Dataset below:
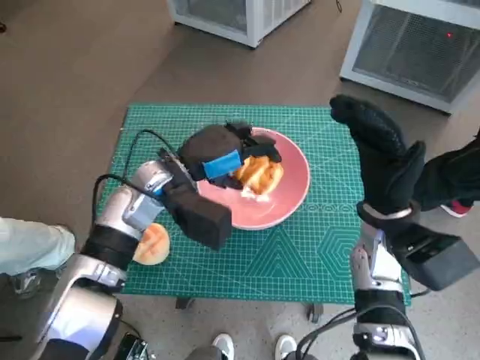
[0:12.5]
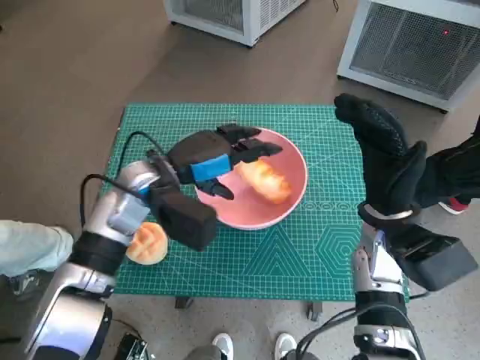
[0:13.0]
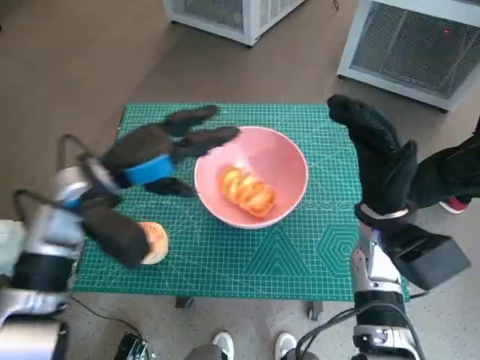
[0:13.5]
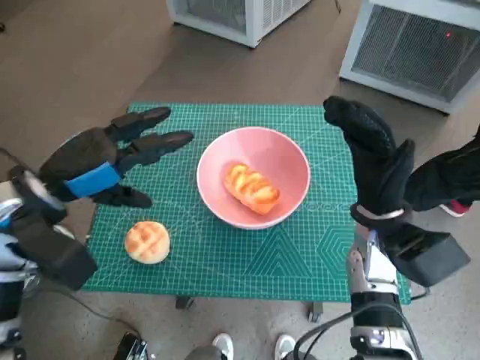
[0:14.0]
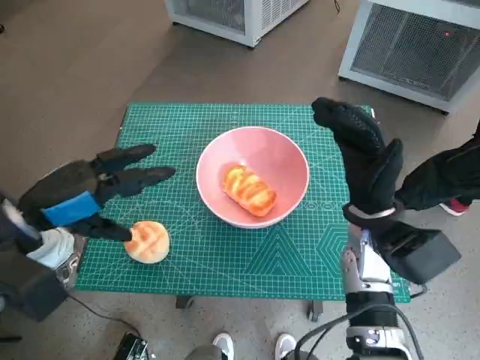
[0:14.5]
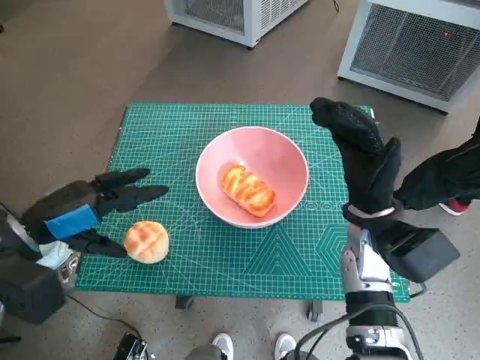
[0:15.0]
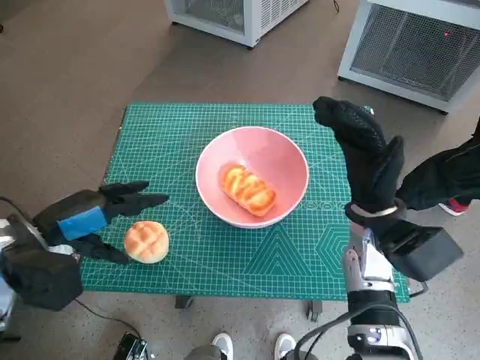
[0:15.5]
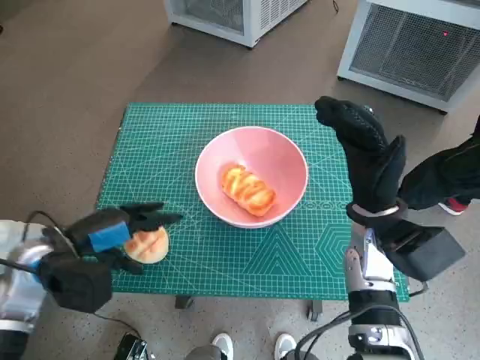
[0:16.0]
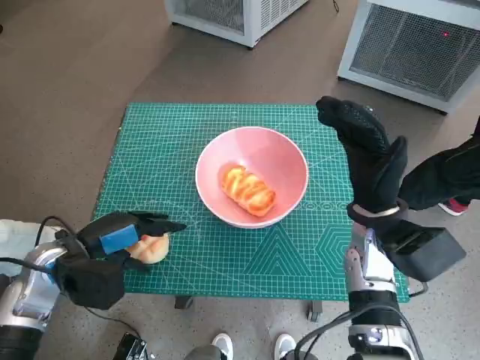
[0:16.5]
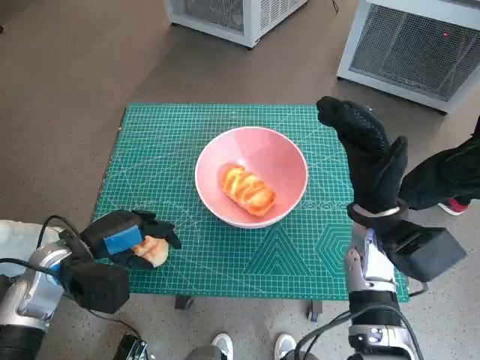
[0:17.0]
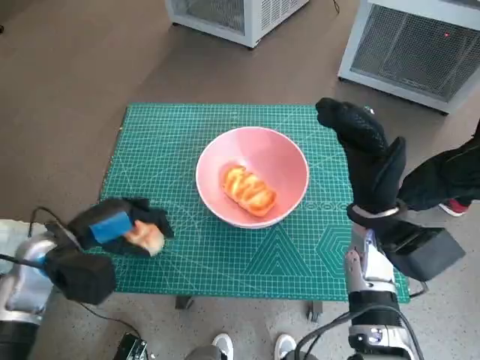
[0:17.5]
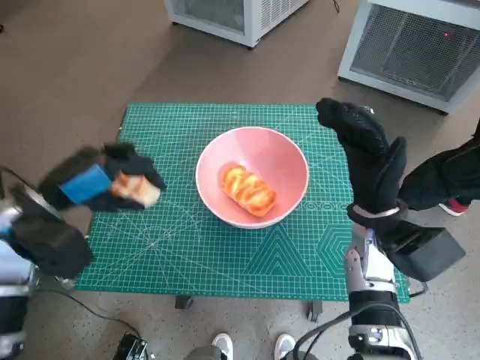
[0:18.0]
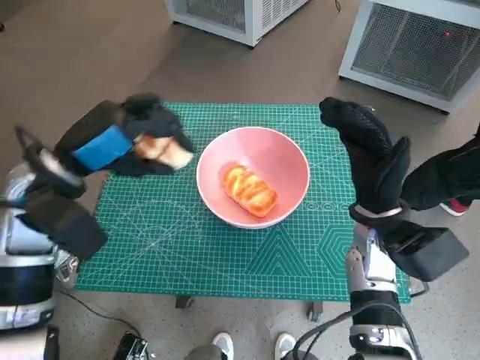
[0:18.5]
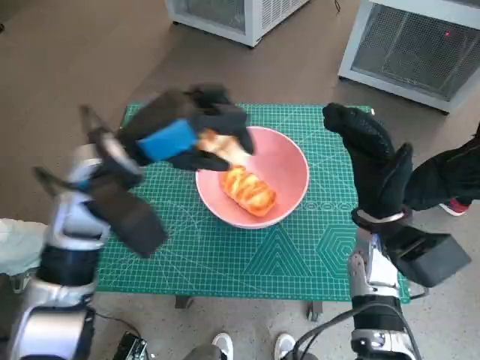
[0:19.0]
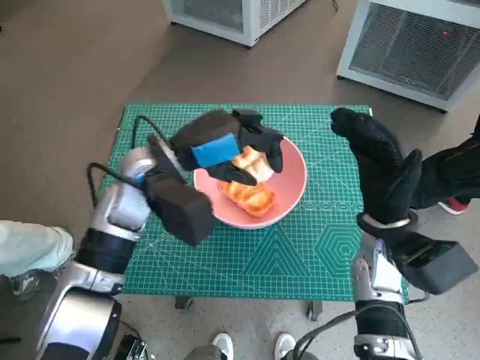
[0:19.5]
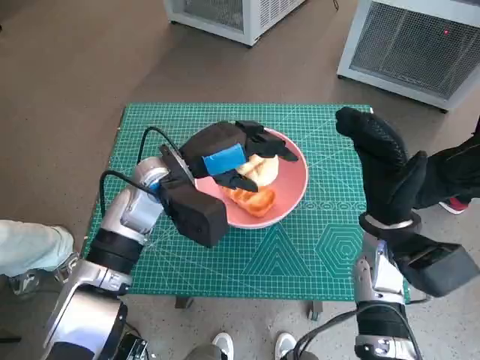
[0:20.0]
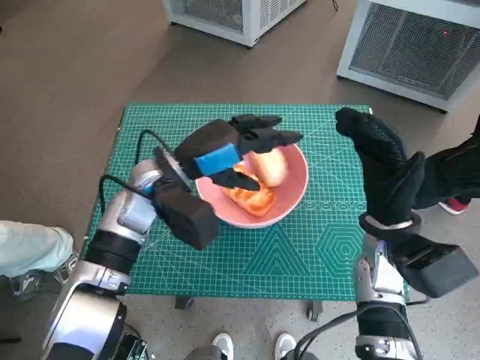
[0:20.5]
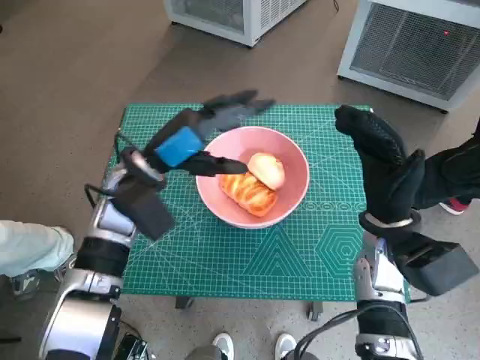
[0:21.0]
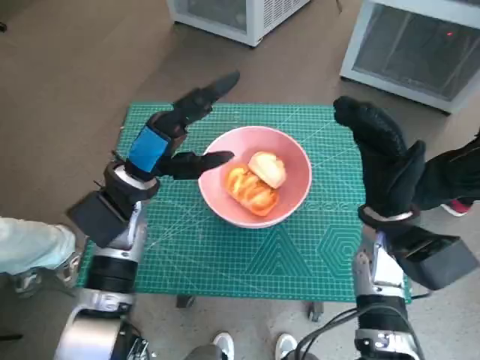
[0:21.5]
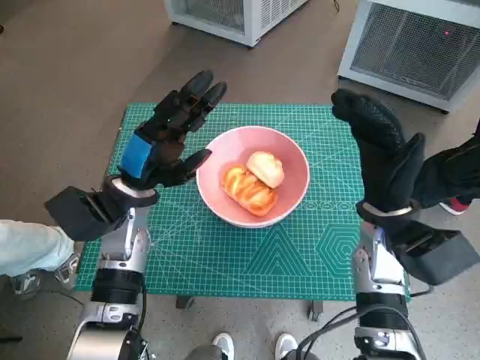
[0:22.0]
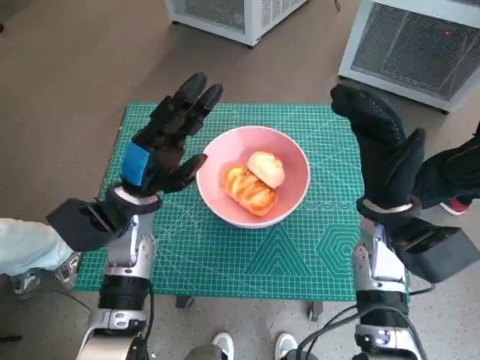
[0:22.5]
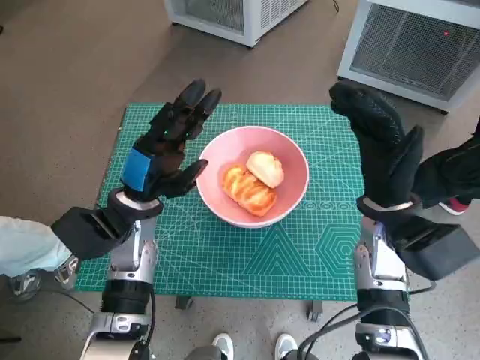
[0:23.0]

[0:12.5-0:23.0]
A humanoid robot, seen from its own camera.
Task of the whole recording: Push the bowl into the center of the table and put the bread into the bowl.
Step, 0:13.5 to 0:16.5: Grasp the round bread with left hand.
Step, 0:17.0 to 0:20.0: Place the round bread in pink bowl with left hand.
0:12.5 to 0:14.5: The left hand shifts about 20 cm to the left and backward.
0:14.5 to 0:16.5: The left hand travels downward by roughly 10 cm.
0:16.5 to 0:19.0: The left hand is displaced upward, to the right and forward by some 20 cm.
0:19.0 to 0:21.0: The left hand shifts approximately 5 cm downward.
0:21.0 to 0:23.0: The left hand ends up approximately 5 cm from where it was.
End of Dataset.
### Work request
Set all of the records down once more, letter for letter, with the images removed.

### Exercise answer
[0:12.5]
[0:13.0]
[0:13.5]
[0:14.0]
[0:14.5]
[0:15.0]
[0:15.5]
[0:16.0]
[0:16.5]
[0:17.0]
[0:17.5]
[0:18.0]
[0:18.5]
[0:19.0]
[0:19.5]
[0:20.0]
[0:20.5]
[0:21.0]
[0:21.5]
[0:22.0]
[0:22.5]
[0:23.0]

[0:12.5-0:23.0]
A humanoid robot, seen from its own camera.
Task of the whole recording: Push the bowl into the center of the table and put the bread into the bowl.
Step, 0:13.5 to 0:16.5: Grasp the round bread with left hand.
Step, 0:17.0 to 0:20.0: Place the round bread in pink bowl with left hand.
0:12.5 to 0:14.5: The left hand shifts about 20 cm to the left and backward.
0:14.5 to 0:16.5: The left hand travels downward by roughly 10 cm.
0:16.5 to 0:19.0: The left hand is displaced upward, to the right and forward by some 20 cm.
0:19.0 to 0:21.0: The left hand shifts approximately 5 cm downward.
0:21.0 to 0:23.0: The left hand ends up approximately 5 cm from where it was.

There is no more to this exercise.